Tickets to a school play cost $3 for students and $8 for adults. On opening night, $1,000 was collected and 150 tickets sold. Use substitution to solve a system of equations to find how many of each kind of ticket were sold
nvm it 40 and 110
i need a answer
To solve this problem using substitution, we need to set up a system of equations based on the given information.
Let's define:
Let x be the number of student tickets sold.
Let y be the number of adult tickets sold.
From the given information:
The total revenue collected from selling student tickets is $3 multiplied by the number of student tickets sold, so this can be represented as 3x.
The total revenue collected from selling adult tickets is $8 multiplied by the number of adult tickets sold, so this can be represented as 8y.

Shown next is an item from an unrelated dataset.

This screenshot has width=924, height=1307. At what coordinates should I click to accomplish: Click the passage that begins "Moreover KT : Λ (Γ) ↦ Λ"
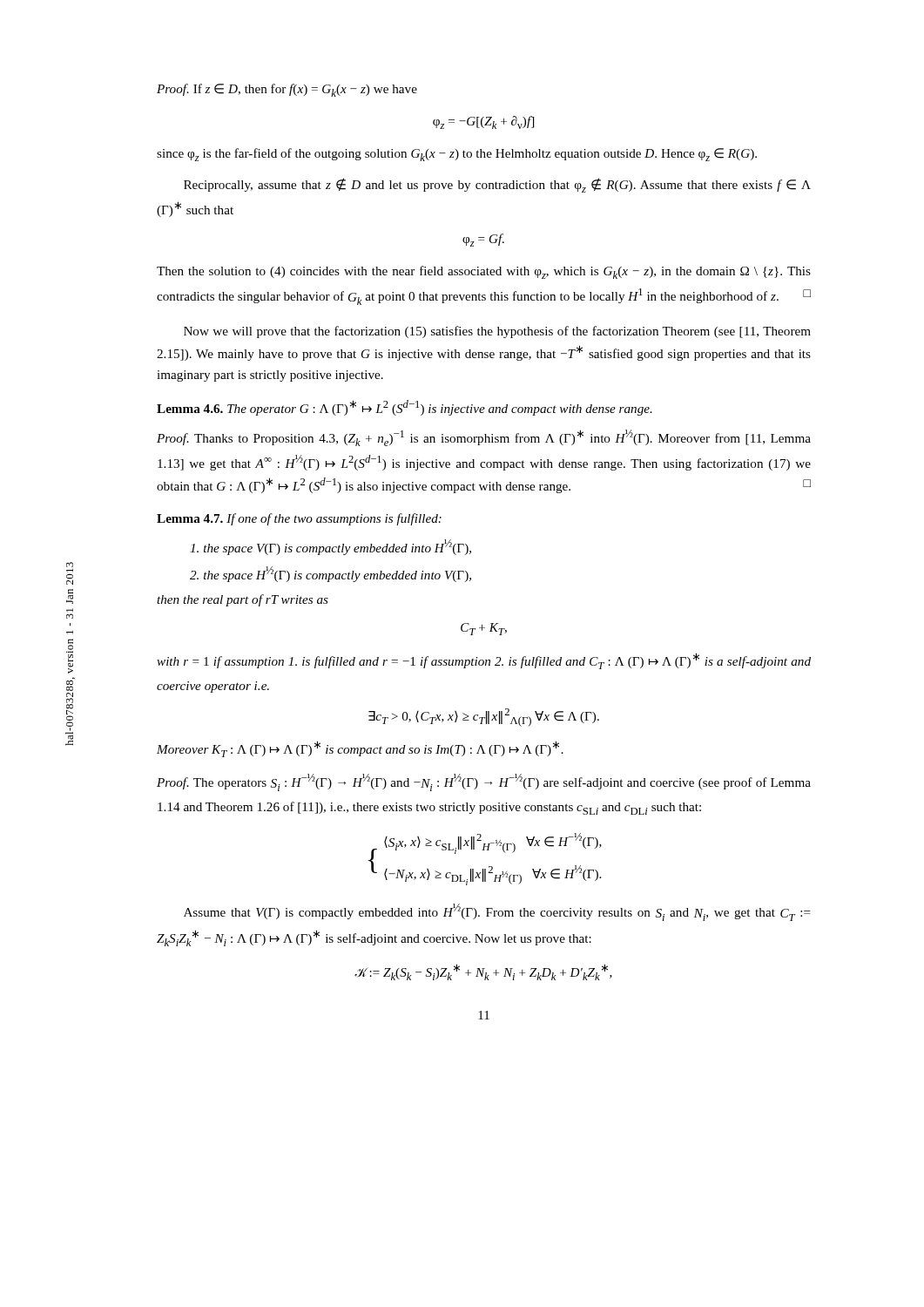[484, 750]
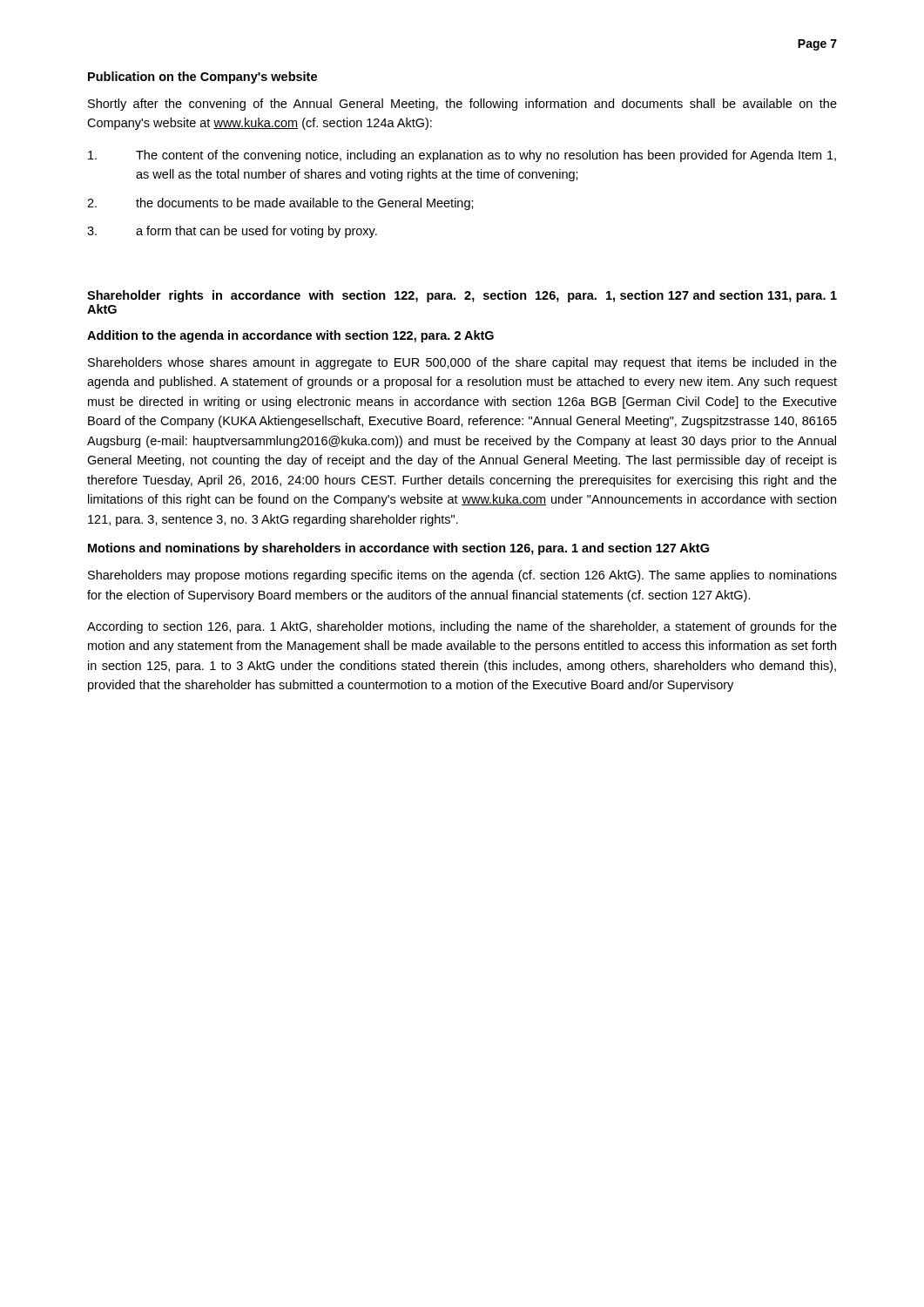Locate the text block with the text "Shareholders whose shares amount in"

[462, 441]

We also know that the total revenue collected on opening night is $1000, so we can set up the first equation:
3x + 8y = 1000 Equation 1
We are also told that a total of 150 tickets were sold on opening night, which gives us the second equation:
x + y = 150 Equation 2
Now, we have a system of two equations:
3x + 8y = 1000 Equation 1
x + y = 150 Equation 2
To solve this system of equations using substitution, we solve one equation for one variable and substitute the expression into the other equation. Let's solve Equation 2 for x:
x = 150 - y
Now, substitute this expression for x in Equation 1:
3(150 - y) + 8y = 1000
Simplify:
450 - 3y + 8y = 1000
Combine like terms:
5y = 550
Solve for y:
y = 550/5
y = 110
Now that we have the value of y, we can substitute it back into Equation 2 to solve for x:
x + 110 = 150
x = 150 - 110
x = 40
Therefore, 40 student tickets and 110 adult tickets were sold on opening night.